EdwardDiego 4 days ago

Them and Snowflake have been in an acquisition race, gobbling up data engineering startups like Pac-Man.

That costs a fair bit of dosh.

  • Temporary_31337 4 days ago

    What's the end game? What are investors expecting and how are they expecting the company to get $100b in profits and over what period of time?

    • EdwardDiego 3 days ago

      Being the dominant player, I presume, starve out the rest by being _the_ way to do your big data.

austhrow743 4 days ago

Do we know that they need to raise and are not sustainable? I don't think them raising is evidence of either.

  • dh2022 4 days ago

    Why would they raise money if they do not need? Raising money dilutes existing shareholders - who are probably not too happy about it.

    • troyvit 4 days ago

      I worked at a place once where the CEO basically said that it's a lot easier to raise money when you don't need it than to raise it when you do.
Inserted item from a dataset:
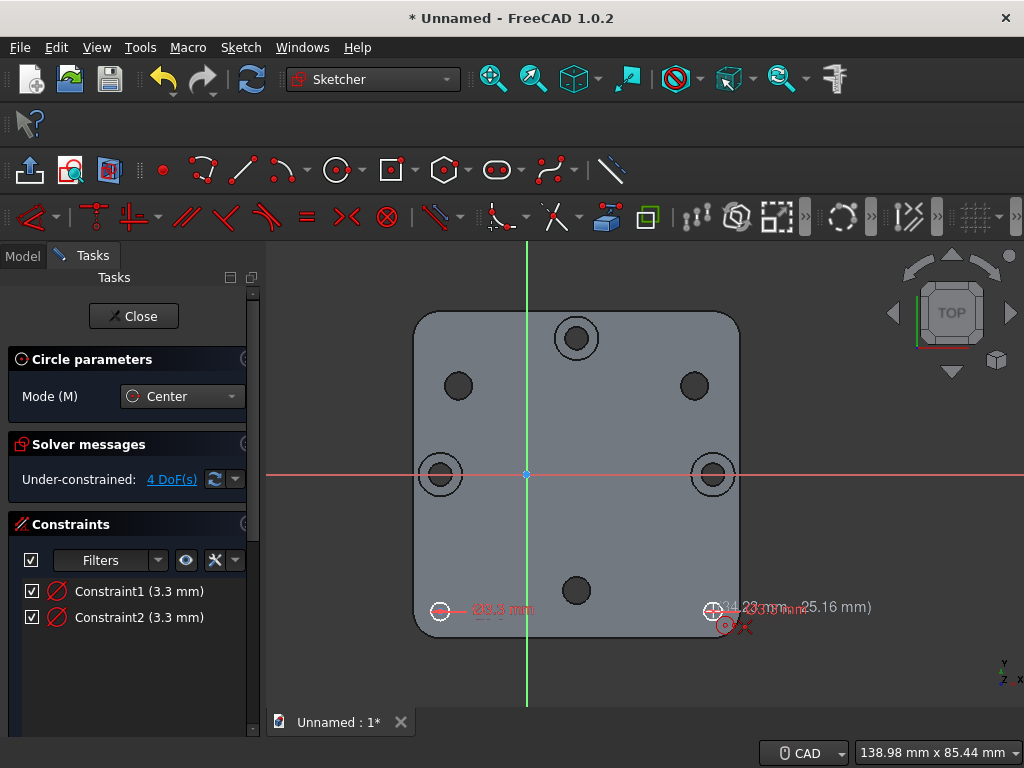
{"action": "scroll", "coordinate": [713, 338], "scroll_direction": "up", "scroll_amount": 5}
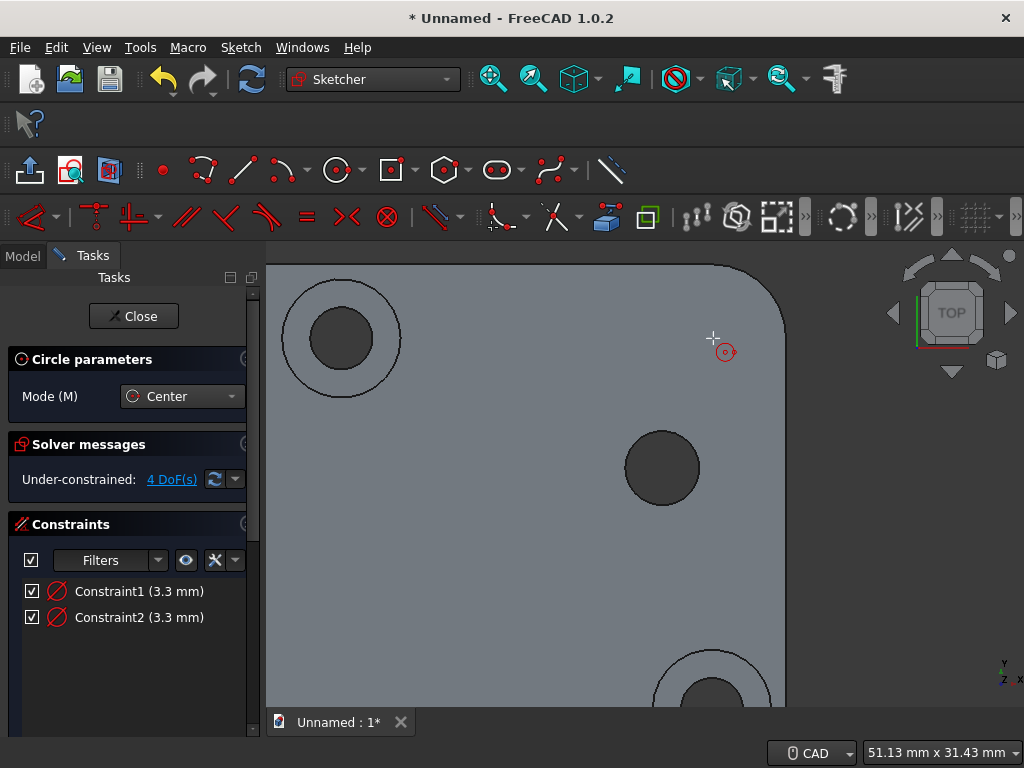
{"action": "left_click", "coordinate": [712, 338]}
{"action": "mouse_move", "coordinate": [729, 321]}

The US economy is looking pretty weird with a bunch of conflicting predictors. Maybe they're buffering for a recession.

      • naijaboiler 3 days ago

        Its always true. Whether you are a start up or an individual. People throw money at you when you least need it. But when you do need it, they give all types of hassle

    • Temporary_31337 4 days ago

      depends on who is making a decision and how exactly is the funding round structured - for some investors, diluting other shareholders is actually a good thing. For existing employees, if they get an option to partially cash out now is probably better than waiting indefinitely for an IPO etc

alanfranz 4 days ago

Afaik databricks is just selling shares on private markets rather than IPOing in order to retain more independence.

I can’t know if it’s completely true ofc, but that’s what employees are told.

espadrine 4 days ago

At least it is not unprecedented. Palantir raised a series I in 2020 after 17 years of operation.

  • Temporary_31337 4 days ago

    At that time the Palantit valuation was considered 'hefty / overpriced' at $9B. Current stock price valuation, post IPO is a completely detached from fundamentals ~$378B

    if you were to apply the same ratio to Databricks it would have to trade at 42 000 000 000 000 000 USD - enough to buy the entire US sovereign debt, the moon, all earth's minerals with plenty to spare. A completely rational market if you ask me.

mackman 4 days ago

Is this just a case of waiting to stay private while still giving current employees some liquidity?

ktallett 4 days ago

It feels like they may have got market share using low costs and this has led to this situation.

  • blerb795 4 days ago

    The costs of using Databricks are anything but low, though.

    • ktallett 4 days ago

      True, but it can still be lower than alternatives or lower than the cost to provide.

      • dahcryn 4 days ago

        it really is the most expensive I've ever came across. It would be a flatout no-go if it weren't for Microsoft pushing everyone onto this platform, supported by their network of really absolutely neutral Gartner friends and Deloittes/KPMG/Accenture/TCS "experts" to recommend what lines their pockets.

betaby 4 days ago

Same story was with Spunk. Yet it was acquired by Cisco for $28 billion. Valuation and ability to burn cash for 10+ years of the Silicon Valley companies never cease to amaze me.